German billionaire declared dead after Swiss Alps disappearance

The view from the "Trockener Steg" gondola station, where the last mobile phone signal of Karl-Erivan Haub was detected Keystone/dominic Steinmann

A German court on Friday officially declared billionaire Karl-Erivan Haub dead, more than three years after the head of retail group Tengelmann went missing in the Swiss Alps.

This content was published on May 14, 2021 - 15:49

Haub, who was 58, was training for a ski mountaineering race when he vanished on the Matterhorn, the iconic mountain on Switzerland’s southern border with Italy.

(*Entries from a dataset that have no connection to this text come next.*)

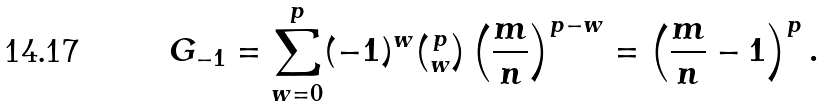<formula> <loc_0><loc_0><loc_500><loc_500>G _ { - 1 } = \sum _ { w = 0 } ^ { p } ( - 1 ) ^ { w } \tbinom p w \left ( \frac { m } { n } \right ) ^ { p - w } = \left ( \frac { m } { n } - 1 \right ) ^ { p } .</formula> 
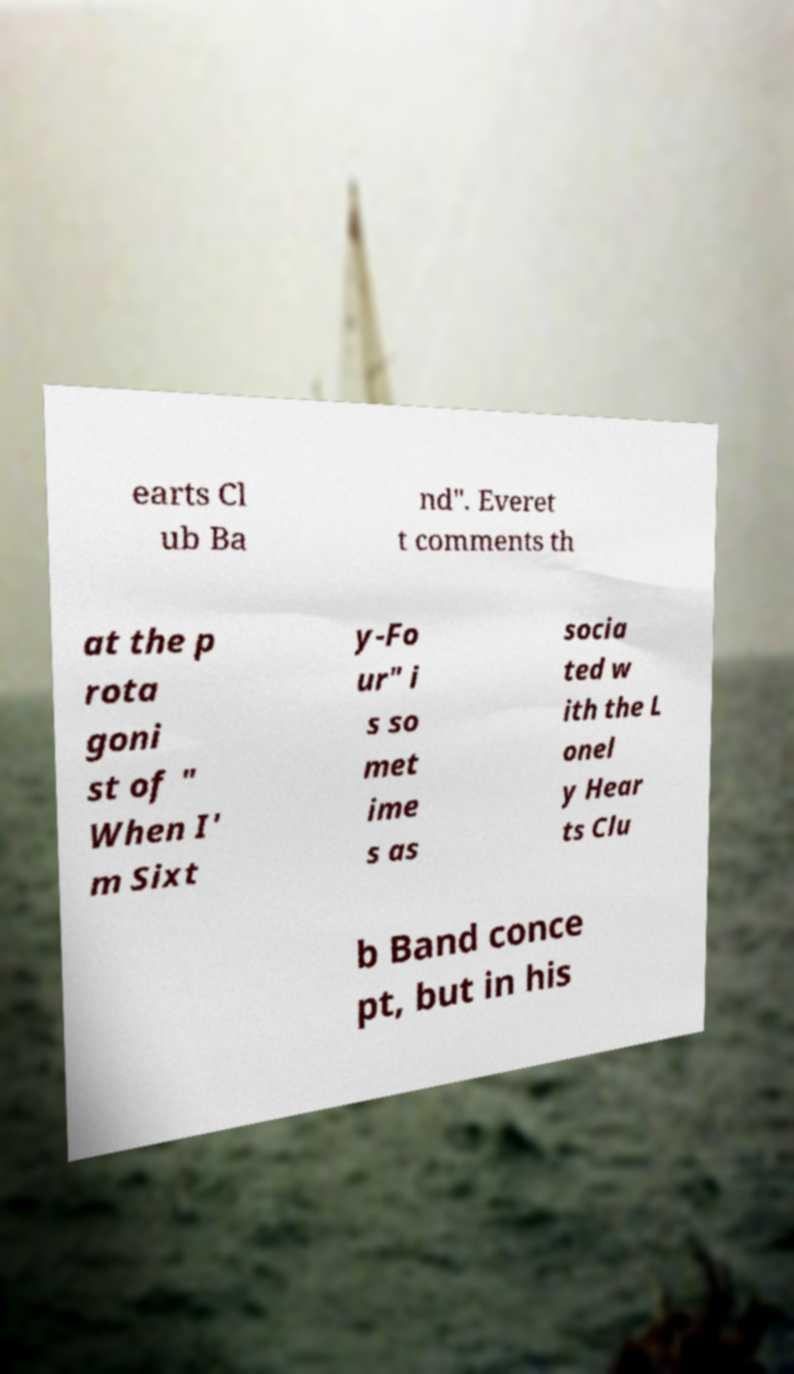Can you accurately transcribe the text from the provided image for me? earts Cl ub Ba nd". Everet t comments th at the p rota goni st of " When I' m Sixt y-Fo ur" i s so met ime s as socia ted w ith the L onel y Hear ts Clu b Band conce pt, but in his 
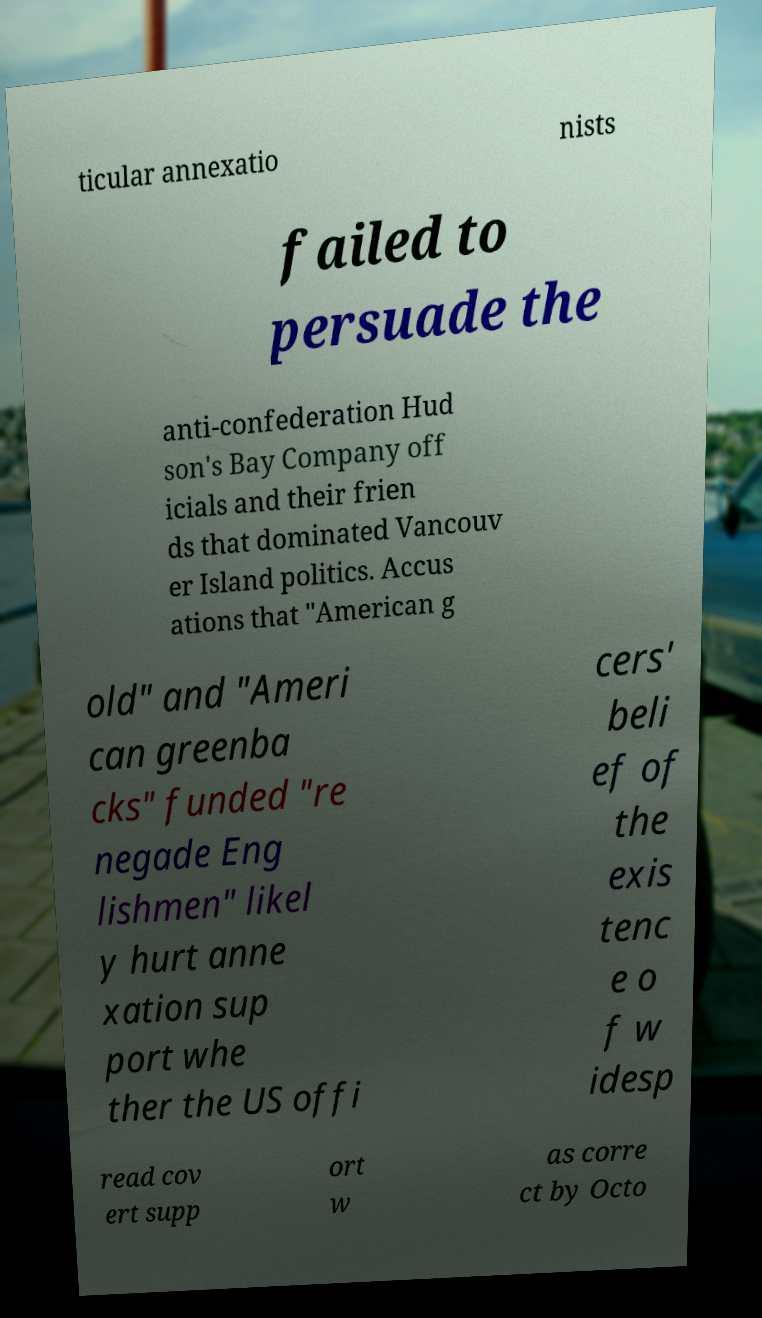Could you extract and type out the text from this image? ticular annexatio nists failed to persuade the anti-confederation Hud son's Bay Company off icials and their frien ds that dominated Vancouv er Island politics. Accus ations that "American g old" and "Ameri can greenba cks" funded "re negade Eng lishmen" likel y hurt anne xation sup port whe ther the US offi cers' beli ef of the exis tenc e o f w idesp read cov ert supp ort w as corre ct by Octo 
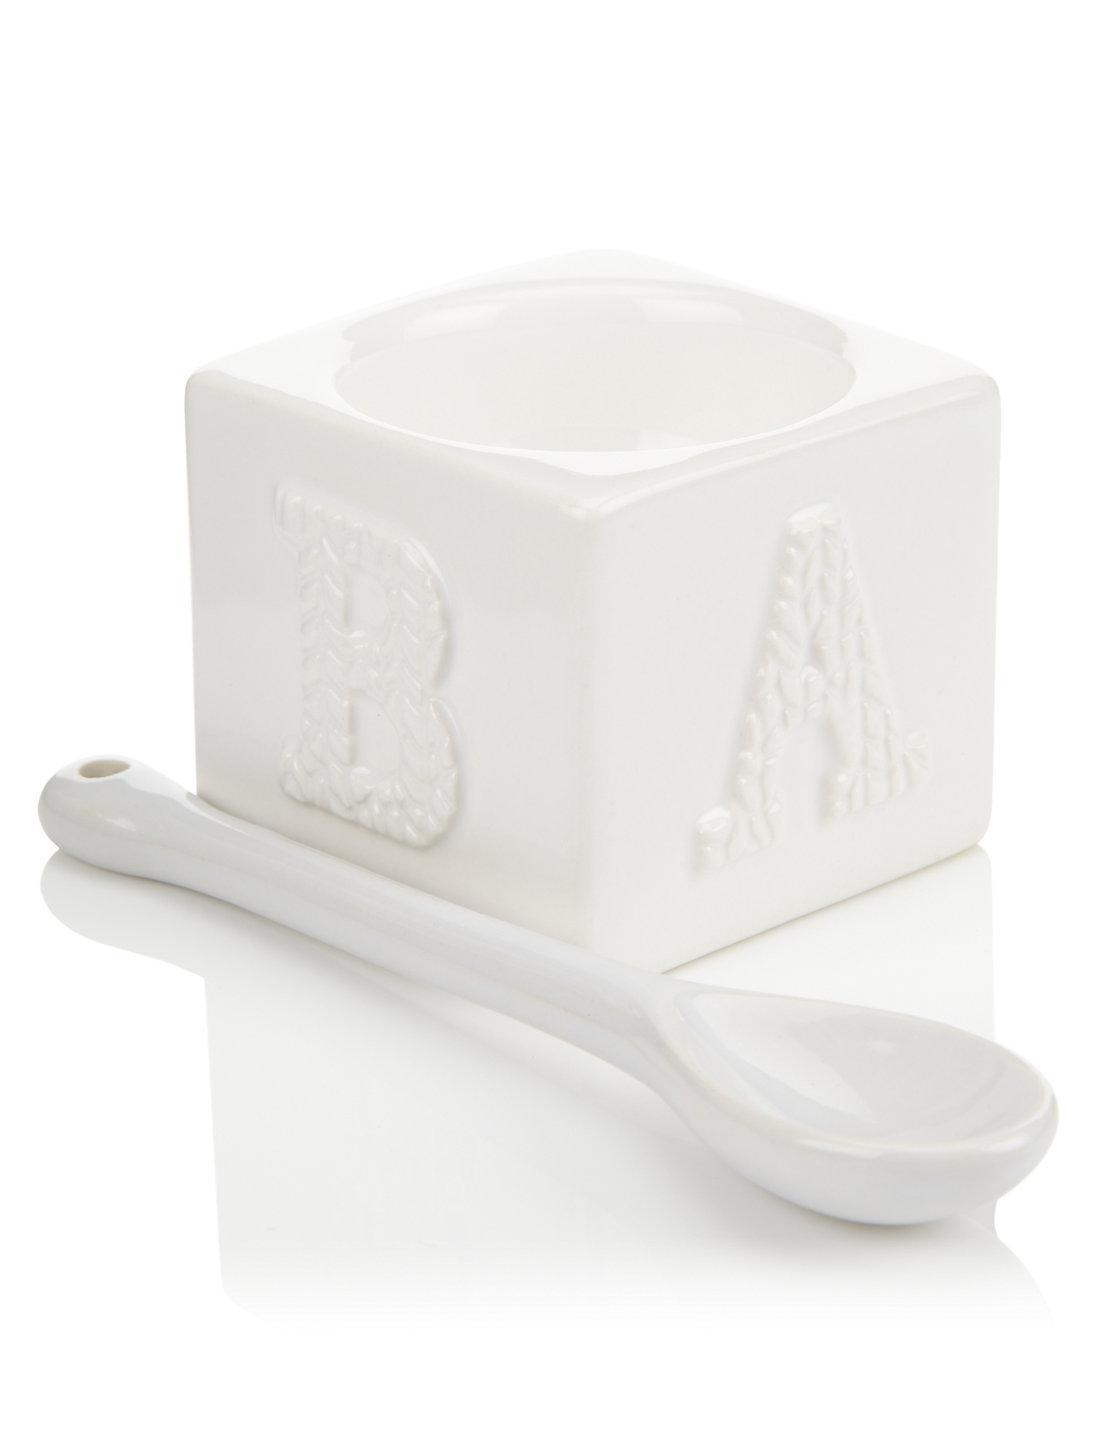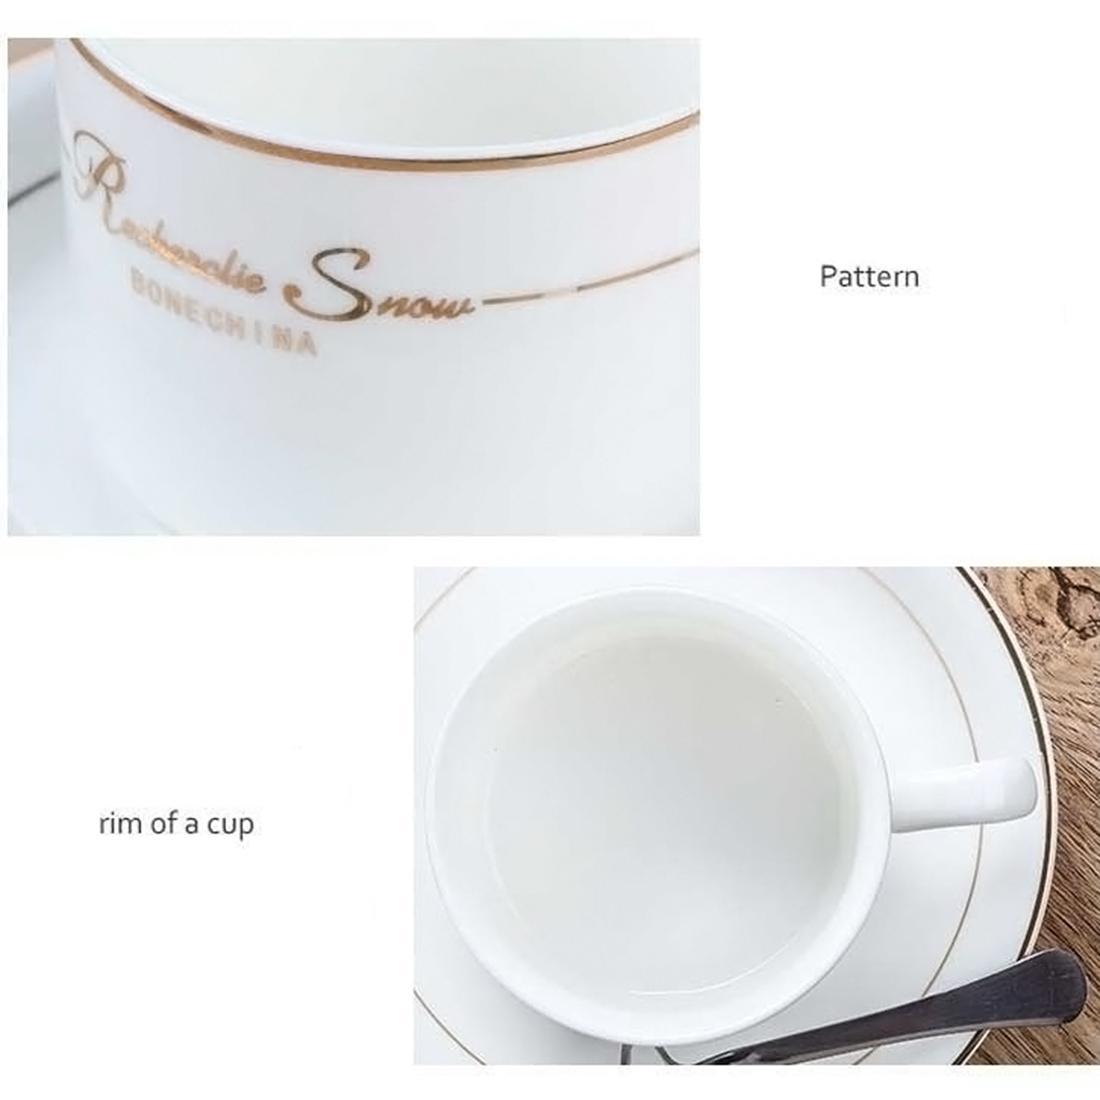The first image is the image on the left, the second image is the image on the right. Considering the images on both sides, is "The left image depicts exactly one spoon next to one container." valid? Answer yes or no. Yes.

He was last seen on the morning of April 7, 2018, as he headed up a mountain lift with skis and a daypack. The billionaire was reported missing to police the following morning after he failed to show up at his hotel in Zermatt.

Haub’s family gave up hope of finding him alive after a week and the search for him was officially called off in October 2018.

The district court in Cologne, where Haub lived, said on Friday it had now formally declared him dead, giving the time of death as midnight on April 7, 2018. Haub was born in Tacoma, Washington, and was a German-US dual citizen.

Haub’s brothers, company and wife had applied to have him officially declared dead. The court said it was satisfied by the evidence.

His younger brother, Christian Haub, was named as Tengelmann’s sole CEO after the disappearance. The two had run Tengelmann together since 2000.